### Task brief
In the data below, find every line with the string "Dijk" and pull it out.

### Data provided
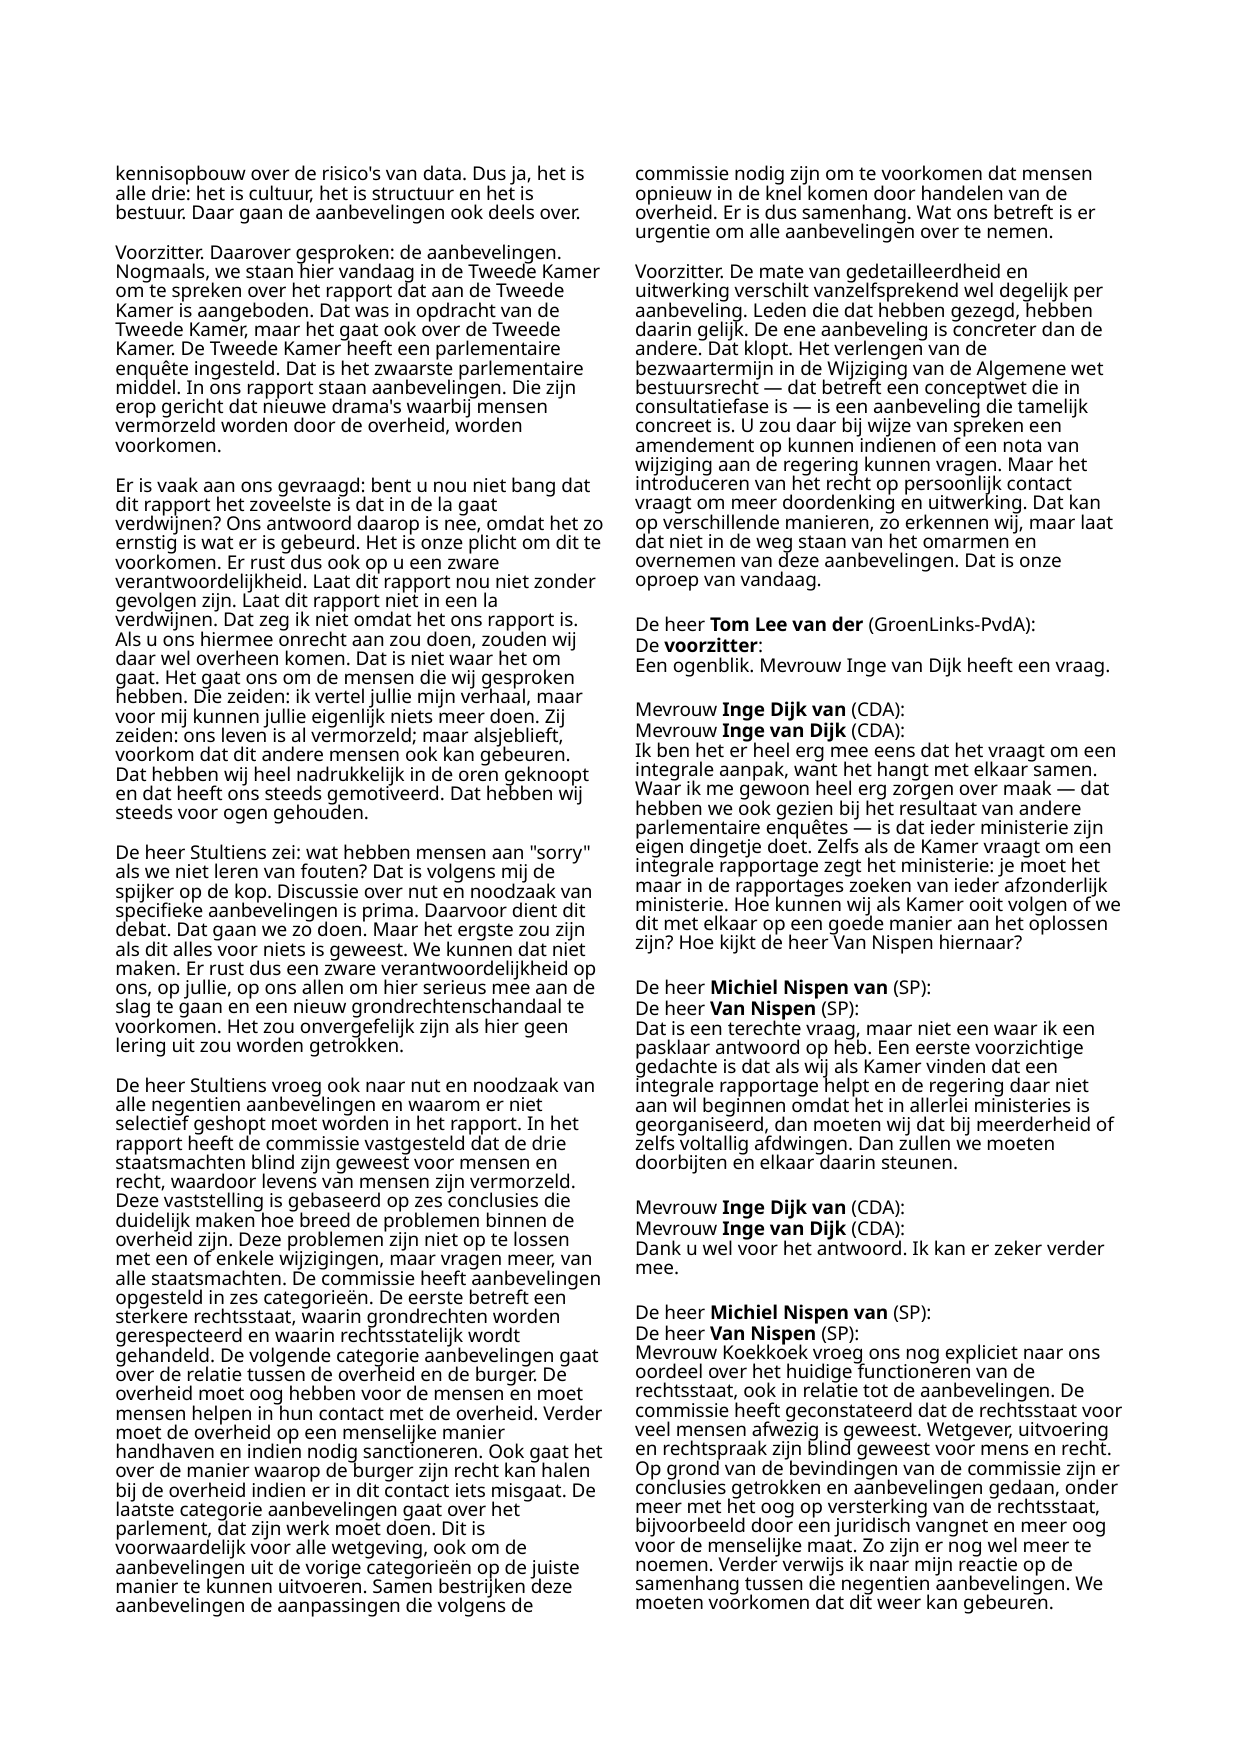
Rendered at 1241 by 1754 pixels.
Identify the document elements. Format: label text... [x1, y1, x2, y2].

text Mevrouw Koekkoek vroeg ons nog expliciet naar ons oordeel over het huidige functioneren van de rechtsstaat, ook in relatie tot de aanbevelingen. De commissie heeft geconstateerd dat de rechtsstaat voor veel mensen afwezig is geweest. Wetgever, uitvoering en rechtspraak zijn blind geweest voor mens en recht. Op grond van de bevindingen van de commissie zijn er conclusies getrokken en aanbevelingen gedaan, onder meer met het oog op versterking van de rechtsstaat, bijvoorbeeld door een juridisch vangnet en meer oog voor de menselijke maat. Zo zijn er nog wel meer te noemen. Verder verwijs ik naar mijn reactie op de samenhang tussen die negentien aanbevelingen. We moeten voorkomen dat dit weer kan gebeuren. [635, 1344, 1125, 1614]
text Voorzitter. Daarover gesproken: de aanbevelingen. Nogmaals, we staan hier vandaag in de Tweede Kamer om te spreken over het rapport dat aan de Tweede Kamer is aangeboden. Dat was in opdracht van de Tweede Kamer, maar het gaat ook over de Tweede Kamer. De Tweede Kamer heeft een parlementaire enquête ingesteld. Dat is het zwaarste parlementaire middel. In ons rapport staan aanbevelingen. Die zijn erop gericht dat nieuwe drama's waarbij mensen vermorzeld worden door de overheid, worden voorkomen. [115, 244, 605, 456]
text De heer Michiel Nispen van (SP): [635, 1299, 1125, 1324]
text Een ogenblik. Mevrouw Inge van Dijk heeft een vraag. [635, 657, 1125, 676]
text Mevrouw Inge van Dijk (CDA): [635, 1220, 1125, 1239]
text De heer Stultiens zei: wat hebben mensen aan "sorry" als we niet leren van fouten? Dat is volgens mij de spijker op de kop. Discussie over nut en noodzaak van specifieke aanbevelingen is prima. Daarvoor dient dit debat. Dat gaan we zo doen. Maar het ergste zou zijn als dit alles voor niets is geweest. We kunnen dat niet maken. Er rust dus een zware verantwoordelijkheid op ons, op jullie, op ons allen om hier serieus mee aan de slag te gaan en een nieuw grondrechtenschandaal te voorkomen. Het zou onvergefelijk zijn als hier geen lering uit zou worden getrokken. [115, 844, 605, 1056]
text Er is vaak aan ons gevraagd: bent u nou niet bang dat dit rapport het zoveelste is dat in de la gaat verdwijnen? Ons antwoord daarop is nee, omdat het zo ernstig is wat er is gebeurd. Het is onze plicht om dit te voorkomen. Er rust dus ook op u een zware verantwoordelijkheid. Laat dit rapport nou niet zonder gevolgen zijn. Laat dit rapport niet in een la verdwijnen. Dat zeg ik niet omdat het ons rapport is. Als u ons hiermee onrecht aan zou doen, zouden wij daar wel overheen komen. Dat is niet waar het om gaat. Het gaat ons om de mensen die wij gesproken hebben. Die zeiden: ik vertel jullie mijn verhaal, maar voor mij kunnen jullie eigenlijk niets meer doen. Zij zeiden: ons leven is al vermorzeld; maar alsjeblieft, voorkom dat dit andere mensen ook kan gebeuren. Dat hebben wij heel nadrukkelijk in de oren geknoopt en dat heeft ons steeds gemotiveerd. Dat hebben wij steeds voor ogen gehouden. [115, 477, 605, 823]
text Dat is een terechte vraag, maar niet een waar ik een pasklaar antwoord op heb. Een eerste voorzichtige gedachte is dat als wij als Kamer vinden dat een integrale rapportage helpt en de regering daar niet aan wil beginnen omdat het in allerlei ministeries is georganiseerd, dan moeten wij dat bij meerderheid of zelfs voltallig afdwingen. Dan zullen we moeten doorbijten en elkaar daarin steunen. [635, 1019, 1125, 1174]
text Mevrouw Inge Dijk van (CDA): [635, 1194, 1125, 1220]
text De heer Stultiens vroeg ook naar nut en noodzaak van alle negentien aanbevelingen en waarom er niet selectief geshopt moet worden in het rapport. In het rapport heeft de commissie vastgesteld dat de drie staatsmachten blind zijn geweest voor mensen en recht, waardoor levens van mensen zijn vermorzeld. Deze vaststelling is gebaseerd op zes conclusies die duidelijk maken hoe breed de problemen binnen de overheid zijn. Deze problemen zijn niet op te lossen met een of enkele wijzigingen, maar vragen meer, van alle staatsmachten. De commissie heeft aanbevelingen opgesteld in zes categorieën. De eerste betreft een sterkere rechtsstaat, waarin grondrechten worden gerespecteerd en waarin rechtsstatelijk wordt gehandeld. De volgende categorie aanbevelingen gaat over de relatie tussen de overheid en de burger. De overheid moet oog hebben voor de mensen en moet mensen helpen in hun contact met de overheid. Verder moet de overheid op een menselijke manier handhaven en indien nodig sanctioneren. Ook gaat het over de manier waarop de burger zijn recht kan halen bij de overheid indien er in dit contact iets misgaat. De laatste categorie aanbevelingen gaat over het parlement, dat zijn werk moet doen. Dit is voorwaardelijk voor alle wetgeving, ook om de aanbevelingen uit de vorige categorieën op de juiste manier te kunnen uitvoeren. Samen bestrijken deze aanbevelingen de aanpassingen die volgens de [115, 1077, 605, 1616]
text kennisopbouw over de risico's van data. Dus ja, het is alle drie: het is cultuur, het is structuur en het is bestuur. Daar gaan de aanbevelingen ook deels over. [115, 165, 605, 223]
text Dank u wel voor het antwoord. Ik kan er zeker verder mee. [635, 1239, 1125, 1278]
text De voorzitter: [635, 637, 1125, 657]
text De heer Van Nispen (SP): [635, 1324, 1125, 1344]
text Ik ben het er heel erg mee eens dat het vraagt om een integrale aanpak, want het hangt met elkaar samen. Waar ik me gewoon heel erg zorgen over maak — dat hebben we ook gezien bij het resultaat van andere parlementaire enquêtes — is dat ieder ministerie zijn eigen dingetje doet. Zelfs als de Kamer vraagt om een integrale rapportage zegt het ministerie: je moet het maar in de rapportages zoeken van ieder afzonderlijk ministerie. Hoe kunnen wij als Kamer ooit volgen of we dit met elkaar op een goede manier aan het oplossen zijn? Hoe kijkt de heer Van Nispen hiernaar? [635, 742, 1125, 954]
text De heer Michiel Nispen van (SP): [635, 974, 1125, 1000]
text De heer Tom Lee van der (GroenLinks-PvdA): [635, 612, 1125, 637]
text commissie nodig zijn om te voorkomen dat mensen opnieuw in de knel komen door handelen van de overheid. Er is dus samenhang. Wat ons betreft is er urgentie om alle aanbevelingen over te nemen. [635, 165, 1125, 242]
text Mevrouw Inge van Dijk (CDA): [635, 722, 1125, 742]
text Voorzitter. De mate van gedetailleerdheid en uitwerking verschilt vanzelfsprekend wel degelijk per aanbeveling. Leden die dat hebben gezegd, hebben daarin gelijk. De ene aanbeveling is concreter dan de andere. Dat klopt. Het verlengen van de bezwaartermijn in de Wijziging van de Algemene wet bestuursrecht — dat betreft een conceptwet die in consultatiefase is — is een aanbeveling die tamelijk concreet is. U zou daar bij wijze van spreken een amendement op kunnen indienen of een nota van wijziging aan de regering kunnen vragen. Maar het introduceren van het recht op persoonlijk contact vraagt om meer doordenking en uitwerking. Dat kan op verschillende manieren, zo erkennen wij, maar laat dat niet in de weg staan van het omarmen en overnemen van deze aanbevelingen. Dat is onze oproep van vandaag. [635, 263, 1125, 591]
text Mevrouw Inge Dijk van (CDA): [635, 697, 1125, 722]
text De heer Van Nispen (SP): [635, 1000, 1125, 1019]

### Solution
text Een ogenblik. Mevrouw Inge van Dijk heeft een vraag. [635, 657, 1125, 676]
text Mevrouw Inge van Dijk (CDA): [635, 1220, 1125, 1239]
text Mevrouw Inge Dijk van (CDA): [635, 1194, 1125, 1220]
text Mevrouw Inge van Dijk (CDA): [635, 722, 1125, 742]
text Mevrouw Inge Dijk van (CDA): [635, 697, 1125, 722]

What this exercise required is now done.